На миг Паскуале показалось, что он провалился во внезапно установившееся в большой, освещенной камином комнате молчание. Он обратился к Таддеи:

— И вы наняли нас для поиска убийцы, зная обо всем этом?

— Я не знал ничего до сегодняшнего вечера, — запротестовал Таддеи. — Я выяснил это из послания, пришедшего всего за миг до того, как тебя привезли. Судя по всему, тот, кто похитил тело Рафаэля, желает обменять его на тебя, молодой человек.

— Это сообщение прислал Джустиниани?

— Оно не было подписано. В нем говорилось о предательстве Романо, и оно содержало требование доставить тебя на южную часть Понте Веккьо в определенное время. А почему ты подозреваешь Джустиниани?
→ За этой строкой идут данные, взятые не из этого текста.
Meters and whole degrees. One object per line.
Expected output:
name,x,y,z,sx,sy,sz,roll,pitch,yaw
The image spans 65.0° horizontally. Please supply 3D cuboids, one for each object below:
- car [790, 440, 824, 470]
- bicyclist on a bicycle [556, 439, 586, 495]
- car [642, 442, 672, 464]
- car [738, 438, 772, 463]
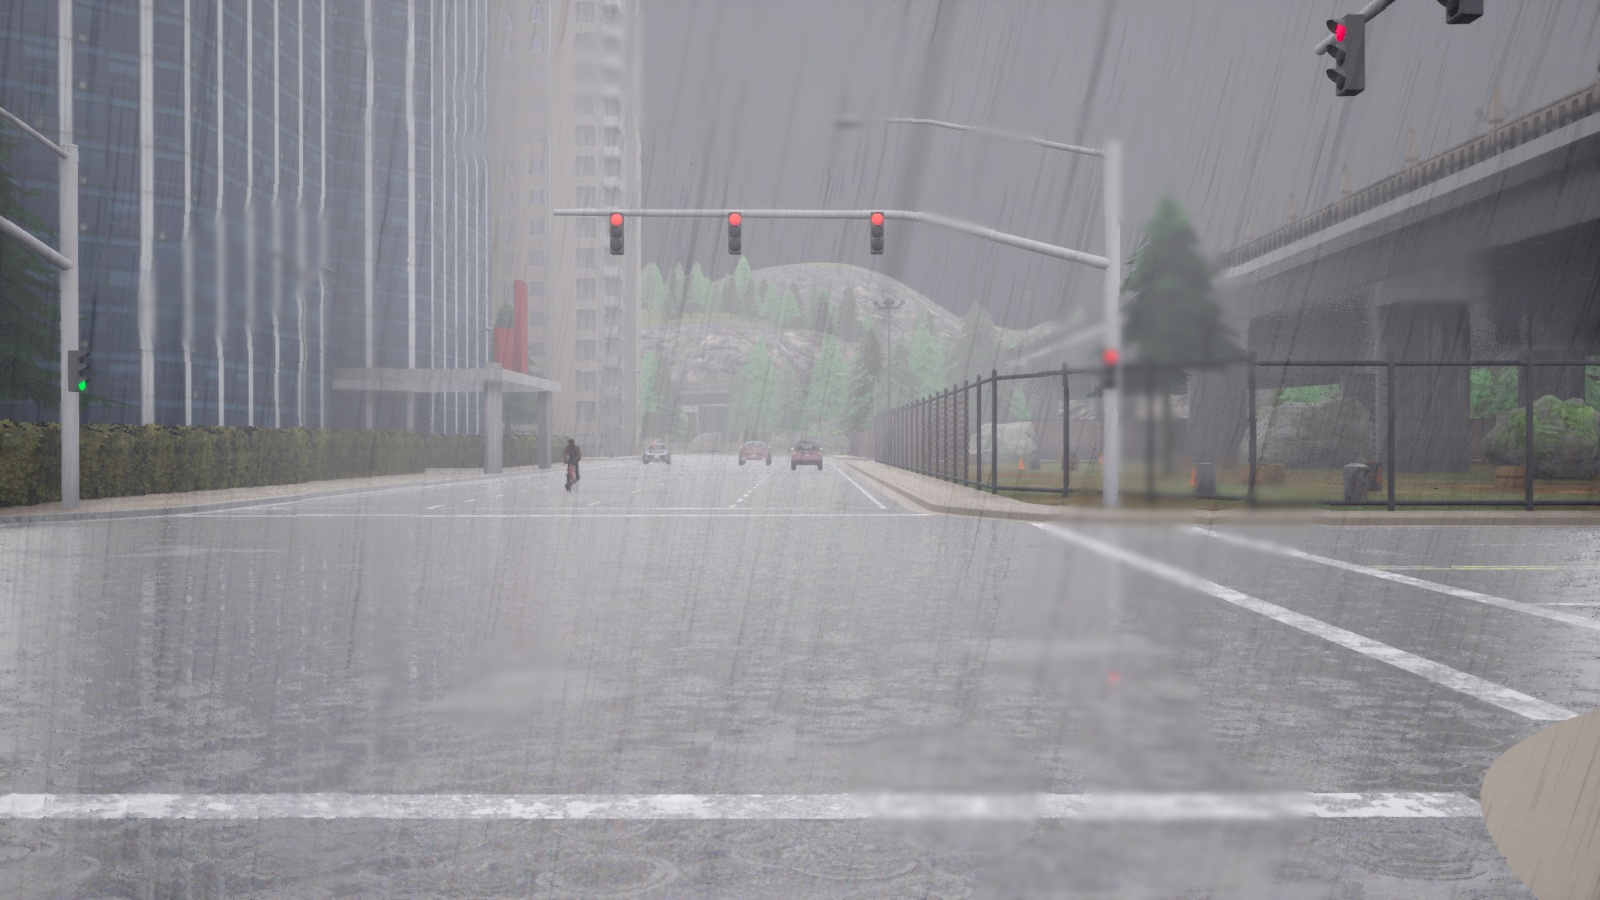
car,0.384,0.247,70.576,1.851,1.617,3.988,0,0,0
bicyclist on a bicycle,-6.790,0.483,37.341,0.582,1.620,1.656,0,1,0
car,-10.086,0.204,88.598,1.970,1.475,3.806,0,0,-5
car,-3.036,0.039,85.718,2.152,1.651,5.027,0,0,0

— Я видел, как на его вилле убили человека, — признался Паскуале.

Кардано подался вперед:

— Это, наверное, исчезнувший человек, Джованни Франческо. Это все объясняет. Наверное, Франческо был сообщником Романо, возможно, он и убил Романо, чтобы присвоить все вознаграждение себе. Однако был, в свою очередь, убит, потому что не сумел выполнить задание.

Паскуале решил не рассказывать о картине с изображением черной мессы, и о летающей игрушке, и о попытке Франческо шантажировать мага. Франческо мог бы оказаться убийцей Романо (Романо, конечно, открыл бы ему дверь сигнальной башни), но едва ли Франческо сумел бы отмыться от крови Романо за короткий промежуток времени между предсмертными криками Романо и началом поисков, почти немедленным. Но даже если Романо убил Франческо, зачем он отправился на переговоры к Джустиниани? Он наверняка сначала попытался бы вернуть коробку, она была у Таддеи, а значит, в пределах досягаемости, и еще он забрал бы летающую лодку у Романо. В данный момент, обессилевший и уже довольно пьяный, Паскуале не мог разрешить загадки. Как он жалел, что не обладает острым взглядом и проницательностью Никколо… и его пронзила боль осознания, что он может никогда не увидеть его больше. Люди Джустиниани могли убить его в суматохе на площади у Палаццо делла Синьория.

— Лучше расскажи нам, Паскуале, что именно произошло на вилле Джустиниани, — попросил Таддеи.

Когда Паскуале договорил, не упоминая о шантаже, повисло молчание. Наконец кардинал произнес:

— Нам больно слышать, насколько печальны здесь дела. Мой кузен хотел сделать Рафаэлю заказ, поручить ему завершить капеллу, которую уже столько времени не может завершить Микеланджело.

— Нет сомнений, Джустиниани был посредником в переговорах Романо с испанцами, — сказал Таддеи, — и будет поддерживать с ними отношения и впредь, если сумеет. Вот почему его люди пытались схватить этого мальчика. Но убийство Рафаэля — событие, которое могут использовать в тайной войне савонаролисты. Неожиданно выяснилось, что сражаются три стороны.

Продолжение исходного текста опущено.